■ **What you are asked to do**: Below are the records. Gather each line that holds "alphaTex".

=======

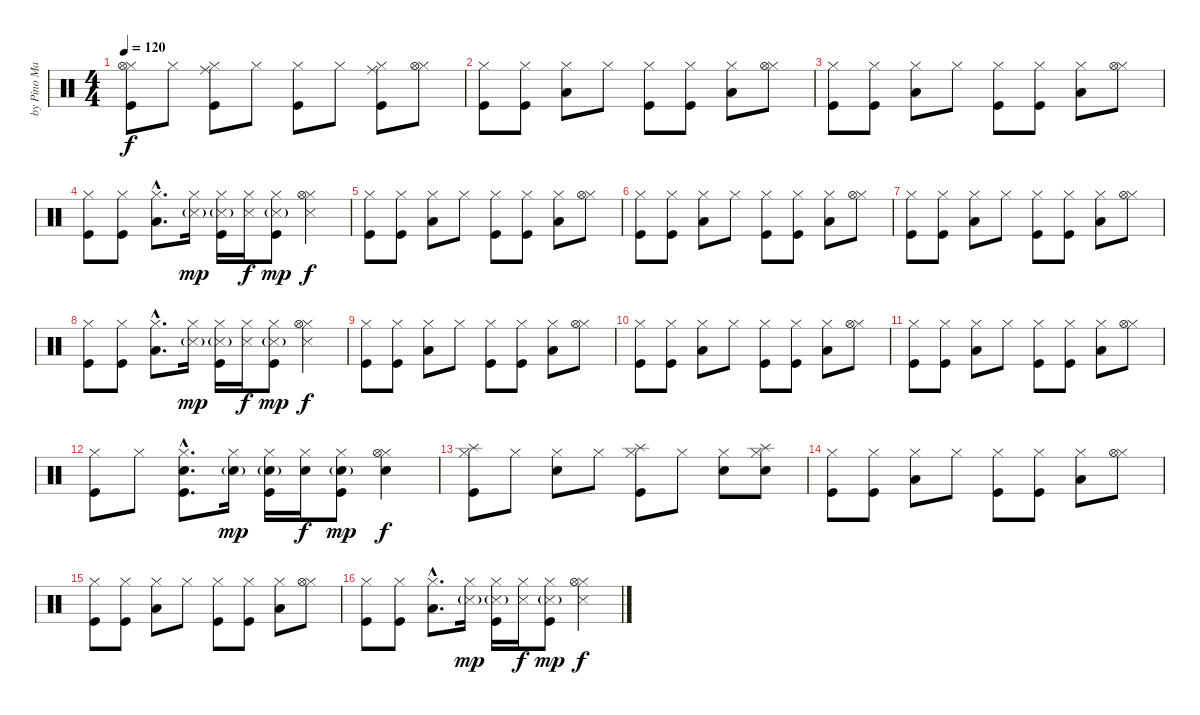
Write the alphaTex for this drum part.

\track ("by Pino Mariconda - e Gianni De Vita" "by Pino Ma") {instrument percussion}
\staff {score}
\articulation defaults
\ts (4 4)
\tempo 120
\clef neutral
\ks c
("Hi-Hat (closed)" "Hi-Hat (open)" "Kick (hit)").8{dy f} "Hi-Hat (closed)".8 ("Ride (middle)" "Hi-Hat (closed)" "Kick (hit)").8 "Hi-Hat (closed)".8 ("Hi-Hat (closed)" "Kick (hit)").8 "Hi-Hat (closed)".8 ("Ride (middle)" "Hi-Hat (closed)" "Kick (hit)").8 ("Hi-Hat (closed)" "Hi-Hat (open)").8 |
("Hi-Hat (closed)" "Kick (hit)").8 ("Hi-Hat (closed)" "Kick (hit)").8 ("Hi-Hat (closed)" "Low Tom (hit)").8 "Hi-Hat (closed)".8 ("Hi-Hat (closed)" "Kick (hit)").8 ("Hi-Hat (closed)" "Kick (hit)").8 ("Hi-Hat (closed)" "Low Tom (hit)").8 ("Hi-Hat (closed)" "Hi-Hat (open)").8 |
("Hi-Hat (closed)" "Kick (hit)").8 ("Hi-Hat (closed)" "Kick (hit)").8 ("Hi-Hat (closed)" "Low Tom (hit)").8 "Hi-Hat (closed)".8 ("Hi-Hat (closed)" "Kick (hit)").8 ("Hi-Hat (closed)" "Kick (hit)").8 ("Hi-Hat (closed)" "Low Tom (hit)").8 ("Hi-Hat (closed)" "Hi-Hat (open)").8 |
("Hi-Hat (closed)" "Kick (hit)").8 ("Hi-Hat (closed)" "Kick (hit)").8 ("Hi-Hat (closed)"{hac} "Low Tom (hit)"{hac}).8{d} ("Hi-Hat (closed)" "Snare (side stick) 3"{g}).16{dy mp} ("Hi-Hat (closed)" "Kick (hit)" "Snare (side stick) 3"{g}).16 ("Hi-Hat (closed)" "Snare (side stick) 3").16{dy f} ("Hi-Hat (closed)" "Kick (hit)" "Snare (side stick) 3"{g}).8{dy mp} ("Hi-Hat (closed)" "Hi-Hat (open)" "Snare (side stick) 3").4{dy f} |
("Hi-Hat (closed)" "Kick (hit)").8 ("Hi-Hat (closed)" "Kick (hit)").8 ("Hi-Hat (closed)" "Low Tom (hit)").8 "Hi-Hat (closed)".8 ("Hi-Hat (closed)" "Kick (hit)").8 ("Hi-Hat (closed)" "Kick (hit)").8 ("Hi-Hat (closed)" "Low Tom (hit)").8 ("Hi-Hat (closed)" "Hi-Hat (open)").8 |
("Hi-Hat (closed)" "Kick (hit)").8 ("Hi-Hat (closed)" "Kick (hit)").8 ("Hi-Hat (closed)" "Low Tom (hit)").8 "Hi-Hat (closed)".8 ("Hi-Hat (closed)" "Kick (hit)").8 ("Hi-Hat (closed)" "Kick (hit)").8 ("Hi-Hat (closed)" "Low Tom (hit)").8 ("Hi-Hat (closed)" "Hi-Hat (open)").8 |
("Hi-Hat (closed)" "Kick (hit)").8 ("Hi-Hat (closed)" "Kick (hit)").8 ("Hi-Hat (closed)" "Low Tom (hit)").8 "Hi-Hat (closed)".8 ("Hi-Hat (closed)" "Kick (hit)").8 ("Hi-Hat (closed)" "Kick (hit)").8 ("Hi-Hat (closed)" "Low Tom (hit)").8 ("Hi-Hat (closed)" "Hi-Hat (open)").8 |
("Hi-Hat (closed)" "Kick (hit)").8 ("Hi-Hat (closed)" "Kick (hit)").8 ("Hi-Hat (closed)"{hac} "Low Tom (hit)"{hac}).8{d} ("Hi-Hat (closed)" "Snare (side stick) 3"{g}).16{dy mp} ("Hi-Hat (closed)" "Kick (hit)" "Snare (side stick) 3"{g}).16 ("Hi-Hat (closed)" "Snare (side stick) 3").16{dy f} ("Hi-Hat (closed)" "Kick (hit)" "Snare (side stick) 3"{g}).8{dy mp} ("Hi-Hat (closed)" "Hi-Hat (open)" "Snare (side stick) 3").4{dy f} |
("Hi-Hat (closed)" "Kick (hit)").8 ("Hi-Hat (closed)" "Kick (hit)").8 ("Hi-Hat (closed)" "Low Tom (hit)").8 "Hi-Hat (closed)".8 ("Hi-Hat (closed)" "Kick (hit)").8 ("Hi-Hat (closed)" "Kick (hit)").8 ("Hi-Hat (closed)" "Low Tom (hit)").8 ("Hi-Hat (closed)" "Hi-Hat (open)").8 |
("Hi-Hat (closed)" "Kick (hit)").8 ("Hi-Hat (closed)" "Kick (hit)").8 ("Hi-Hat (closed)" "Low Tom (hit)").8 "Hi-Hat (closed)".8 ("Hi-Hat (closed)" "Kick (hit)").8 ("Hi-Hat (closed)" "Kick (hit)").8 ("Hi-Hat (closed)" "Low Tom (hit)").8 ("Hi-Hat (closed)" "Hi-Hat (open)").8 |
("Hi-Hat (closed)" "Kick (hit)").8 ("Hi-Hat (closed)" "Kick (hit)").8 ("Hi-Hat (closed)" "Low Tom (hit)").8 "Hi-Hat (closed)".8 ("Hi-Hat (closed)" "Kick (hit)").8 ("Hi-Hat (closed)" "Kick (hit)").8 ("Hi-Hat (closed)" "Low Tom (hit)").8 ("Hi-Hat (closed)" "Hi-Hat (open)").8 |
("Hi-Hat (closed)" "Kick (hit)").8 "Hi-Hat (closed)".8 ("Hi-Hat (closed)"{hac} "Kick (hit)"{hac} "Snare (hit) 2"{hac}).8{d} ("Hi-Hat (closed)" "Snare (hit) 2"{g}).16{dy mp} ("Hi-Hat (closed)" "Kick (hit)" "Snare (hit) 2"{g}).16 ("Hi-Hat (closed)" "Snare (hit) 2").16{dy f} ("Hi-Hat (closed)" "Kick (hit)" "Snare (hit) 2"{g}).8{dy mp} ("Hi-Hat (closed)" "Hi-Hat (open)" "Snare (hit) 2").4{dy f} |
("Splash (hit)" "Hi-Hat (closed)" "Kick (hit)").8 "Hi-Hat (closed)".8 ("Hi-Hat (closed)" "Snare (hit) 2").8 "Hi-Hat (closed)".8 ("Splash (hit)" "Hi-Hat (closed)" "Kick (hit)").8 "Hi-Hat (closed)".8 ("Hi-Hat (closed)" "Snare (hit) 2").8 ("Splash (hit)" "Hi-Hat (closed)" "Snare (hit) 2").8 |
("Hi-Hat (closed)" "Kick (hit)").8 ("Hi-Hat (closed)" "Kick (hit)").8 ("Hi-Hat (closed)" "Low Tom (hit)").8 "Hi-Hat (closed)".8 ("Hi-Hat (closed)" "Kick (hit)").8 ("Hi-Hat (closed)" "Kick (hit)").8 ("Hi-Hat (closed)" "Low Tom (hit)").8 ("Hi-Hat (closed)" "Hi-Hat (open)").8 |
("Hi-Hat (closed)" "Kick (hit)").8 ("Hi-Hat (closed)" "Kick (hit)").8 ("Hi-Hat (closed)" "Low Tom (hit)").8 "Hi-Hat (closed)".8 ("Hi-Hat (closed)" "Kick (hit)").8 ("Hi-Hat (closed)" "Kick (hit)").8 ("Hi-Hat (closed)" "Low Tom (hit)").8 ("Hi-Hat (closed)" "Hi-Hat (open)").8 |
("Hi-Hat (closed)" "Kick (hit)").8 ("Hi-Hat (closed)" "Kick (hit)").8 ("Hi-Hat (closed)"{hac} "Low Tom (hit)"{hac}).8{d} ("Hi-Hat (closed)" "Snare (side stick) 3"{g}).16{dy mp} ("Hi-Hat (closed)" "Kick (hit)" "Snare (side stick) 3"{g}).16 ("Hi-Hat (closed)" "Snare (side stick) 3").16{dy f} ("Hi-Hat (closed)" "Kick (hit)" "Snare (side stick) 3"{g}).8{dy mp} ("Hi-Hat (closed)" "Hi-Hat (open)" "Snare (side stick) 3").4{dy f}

=======

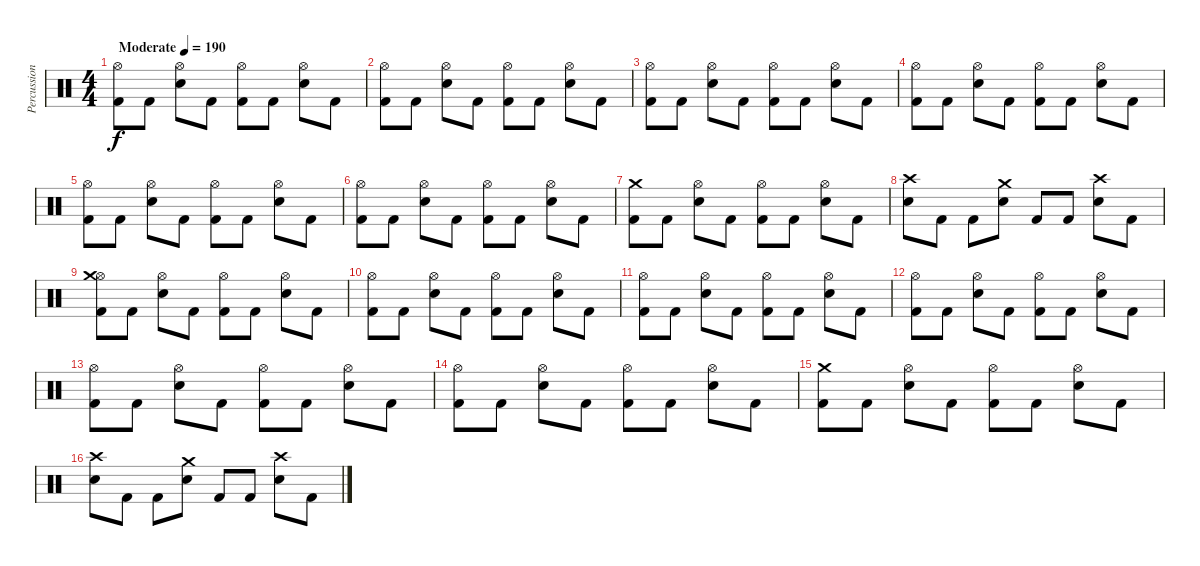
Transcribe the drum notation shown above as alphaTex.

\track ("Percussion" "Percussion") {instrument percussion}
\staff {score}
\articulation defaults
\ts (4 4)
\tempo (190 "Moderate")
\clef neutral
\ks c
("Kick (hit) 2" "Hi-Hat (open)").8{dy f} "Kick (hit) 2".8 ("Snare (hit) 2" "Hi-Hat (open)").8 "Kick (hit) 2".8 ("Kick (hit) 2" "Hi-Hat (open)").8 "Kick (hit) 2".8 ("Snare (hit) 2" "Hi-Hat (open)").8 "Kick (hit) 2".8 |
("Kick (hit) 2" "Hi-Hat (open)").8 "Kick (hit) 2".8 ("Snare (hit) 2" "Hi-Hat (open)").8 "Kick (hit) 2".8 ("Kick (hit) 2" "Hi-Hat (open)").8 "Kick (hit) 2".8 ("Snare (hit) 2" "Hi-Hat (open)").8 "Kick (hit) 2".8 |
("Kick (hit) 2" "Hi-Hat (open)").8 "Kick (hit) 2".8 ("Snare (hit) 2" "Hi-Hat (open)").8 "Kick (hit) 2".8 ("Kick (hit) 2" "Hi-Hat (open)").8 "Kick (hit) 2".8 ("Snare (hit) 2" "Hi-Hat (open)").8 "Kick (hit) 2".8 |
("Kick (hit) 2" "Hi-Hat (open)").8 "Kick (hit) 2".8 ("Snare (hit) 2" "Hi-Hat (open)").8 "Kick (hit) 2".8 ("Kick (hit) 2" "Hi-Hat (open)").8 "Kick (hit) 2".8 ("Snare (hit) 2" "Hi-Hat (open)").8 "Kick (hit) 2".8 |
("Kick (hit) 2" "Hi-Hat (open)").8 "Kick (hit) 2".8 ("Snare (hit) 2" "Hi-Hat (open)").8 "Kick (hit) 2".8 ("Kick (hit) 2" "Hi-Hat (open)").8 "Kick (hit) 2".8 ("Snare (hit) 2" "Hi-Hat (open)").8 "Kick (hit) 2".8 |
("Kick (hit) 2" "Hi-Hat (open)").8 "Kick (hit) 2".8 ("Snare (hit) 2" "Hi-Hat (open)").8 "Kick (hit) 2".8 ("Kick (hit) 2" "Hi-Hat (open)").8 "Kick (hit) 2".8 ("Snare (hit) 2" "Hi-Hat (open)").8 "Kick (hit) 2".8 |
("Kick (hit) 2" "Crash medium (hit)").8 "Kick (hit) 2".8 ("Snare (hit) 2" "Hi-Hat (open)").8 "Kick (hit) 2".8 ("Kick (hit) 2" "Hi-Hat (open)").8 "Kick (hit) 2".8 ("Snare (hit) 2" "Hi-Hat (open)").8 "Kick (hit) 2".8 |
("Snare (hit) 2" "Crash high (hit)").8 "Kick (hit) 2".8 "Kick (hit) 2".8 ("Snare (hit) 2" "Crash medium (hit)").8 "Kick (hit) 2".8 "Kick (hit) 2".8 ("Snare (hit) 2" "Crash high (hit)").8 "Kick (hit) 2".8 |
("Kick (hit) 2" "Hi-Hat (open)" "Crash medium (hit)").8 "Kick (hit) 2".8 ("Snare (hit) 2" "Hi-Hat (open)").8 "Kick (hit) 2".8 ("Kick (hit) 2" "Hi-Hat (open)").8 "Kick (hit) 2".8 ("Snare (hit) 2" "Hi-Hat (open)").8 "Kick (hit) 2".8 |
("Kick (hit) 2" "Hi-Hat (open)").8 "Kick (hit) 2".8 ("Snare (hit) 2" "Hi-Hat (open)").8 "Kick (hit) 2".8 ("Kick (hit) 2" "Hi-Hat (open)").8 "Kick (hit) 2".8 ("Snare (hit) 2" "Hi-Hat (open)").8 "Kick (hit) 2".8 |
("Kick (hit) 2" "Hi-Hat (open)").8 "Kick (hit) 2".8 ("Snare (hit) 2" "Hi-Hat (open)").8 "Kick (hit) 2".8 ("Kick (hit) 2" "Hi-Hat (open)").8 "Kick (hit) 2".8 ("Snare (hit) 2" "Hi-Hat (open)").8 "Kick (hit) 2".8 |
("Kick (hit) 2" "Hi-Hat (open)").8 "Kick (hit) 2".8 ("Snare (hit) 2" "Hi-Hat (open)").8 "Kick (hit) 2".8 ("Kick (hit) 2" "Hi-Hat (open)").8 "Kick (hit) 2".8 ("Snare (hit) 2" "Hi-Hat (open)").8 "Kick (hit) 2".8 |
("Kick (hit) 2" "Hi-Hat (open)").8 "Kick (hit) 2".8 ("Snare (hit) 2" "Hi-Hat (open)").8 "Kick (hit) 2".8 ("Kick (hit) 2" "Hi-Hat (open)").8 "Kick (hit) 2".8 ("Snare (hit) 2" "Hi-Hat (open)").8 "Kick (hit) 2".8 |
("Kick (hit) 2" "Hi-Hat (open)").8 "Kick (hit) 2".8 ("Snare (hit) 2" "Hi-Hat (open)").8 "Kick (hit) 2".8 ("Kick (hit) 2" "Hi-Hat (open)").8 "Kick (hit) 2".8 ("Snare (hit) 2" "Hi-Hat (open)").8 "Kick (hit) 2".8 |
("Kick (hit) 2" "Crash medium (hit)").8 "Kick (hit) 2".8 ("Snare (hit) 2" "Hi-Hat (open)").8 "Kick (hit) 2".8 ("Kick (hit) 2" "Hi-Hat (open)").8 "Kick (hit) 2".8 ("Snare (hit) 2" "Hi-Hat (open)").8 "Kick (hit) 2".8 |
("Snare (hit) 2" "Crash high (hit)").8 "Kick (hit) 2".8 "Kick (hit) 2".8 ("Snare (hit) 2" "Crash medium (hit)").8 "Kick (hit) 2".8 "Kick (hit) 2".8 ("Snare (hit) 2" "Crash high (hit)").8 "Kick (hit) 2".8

=======

■ **Answer to this problem**:
Write the alphaTex for this drum part.
Transcribe the drum notation shown above as alphaTex.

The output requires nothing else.